### [THE TASK]
Every record shown below is to be output exactly.
─── THE DATA
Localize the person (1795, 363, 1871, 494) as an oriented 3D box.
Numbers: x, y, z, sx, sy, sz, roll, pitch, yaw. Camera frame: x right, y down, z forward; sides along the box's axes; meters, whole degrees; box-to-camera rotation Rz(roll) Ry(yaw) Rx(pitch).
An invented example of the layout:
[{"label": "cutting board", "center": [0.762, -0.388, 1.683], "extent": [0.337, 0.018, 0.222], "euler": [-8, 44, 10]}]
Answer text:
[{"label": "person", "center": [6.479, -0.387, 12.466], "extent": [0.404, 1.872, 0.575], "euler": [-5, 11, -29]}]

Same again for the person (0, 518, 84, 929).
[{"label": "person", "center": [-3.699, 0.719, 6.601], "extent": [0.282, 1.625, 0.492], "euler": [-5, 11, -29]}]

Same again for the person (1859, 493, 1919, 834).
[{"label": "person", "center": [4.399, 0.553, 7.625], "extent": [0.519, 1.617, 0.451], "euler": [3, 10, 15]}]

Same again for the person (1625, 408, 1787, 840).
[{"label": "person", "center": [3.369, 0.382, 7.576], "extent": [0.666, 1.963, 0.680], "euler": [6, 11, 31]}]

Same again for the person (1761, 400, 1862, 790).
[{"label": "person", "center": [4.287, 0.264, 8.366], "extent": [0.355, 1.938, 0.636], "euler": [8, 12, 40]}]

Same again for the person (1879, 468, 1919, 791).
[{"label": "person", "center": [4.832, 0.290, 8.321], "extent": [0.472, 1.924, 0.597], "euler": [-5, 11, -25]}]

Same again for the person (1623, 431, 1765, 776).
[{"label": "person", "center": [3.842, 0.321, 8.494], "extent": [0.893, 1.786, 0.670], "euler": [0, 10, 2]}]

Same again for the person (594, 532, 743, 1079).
──────
### [RESPONSE BOX]
Localize the person (1795, 363, 1871, 494) as an oriented 3D box.
Numbers: x, y, z, sx, sy, sz, roll, pitch, yaw. Camera frame: x right, y down, z forward; sides along the box's axes; meters, whole degrees; box-to-camera rotation Rz(roll) Ry(yaw) Rx(pitch).
An invented example of the layout:
[{"label": "cutting board", "center": [0.762, -0.388, 1.683], "extent": [0.337, 0.018, 0.222], "euler": [-8, 44, 10]}]
Answer text:
[{"label": "person", "center": [6.479, -0.387, 12.466], "extent": [0.404, 1.872, 0.575], "euler": [-5, 11, -29]}]

Same again for the person (0, 518, 84, 929).
[{"label": "person", "center": [-3.699, 0.719, 6.601], "extent": [0.282, 1.625, 0.492], "euler": [-5, 11, -29]}]

Same again for the person (1859, 493, 1919, 834).
[{"label": "person", "center": [4.399, 0.553, 7.625], "extent": [0.519, 1.617, 0.451], "euler": [3, 10, 15]}]

Same again for the person (1625, 408, 1787, 840).
[{"label": "person", "center": [3.369, 0.382, 7.576], "extent": [0.666, 1.963, 0.680], "euler": [6, 11, 31]}]

Same again for the person (1761, 400, 1862, 790).
[{"label": "person", "center": [4.287, 0.264, 8.366], "extent": [0.355, 1.938, 0.636], "euler": [8, 12, 40]}]

Same again for the person (1879, 468, 1919, 791).
[{"label": "person", "center": [4.832, 0.290, 8.321], "extent": [0.472, 1.924, 0.597], "euler": [-5, 11, -25]}]

Same again for the person (1623, 431, 1765, 776).
[{"label": "person", "center": [3.842, 0.321, 8.494], "extent": [0.893, 1.786, 0.670], "euler": [0, 10, 2]}]

Same again for the person (594, 532, 743, 1079).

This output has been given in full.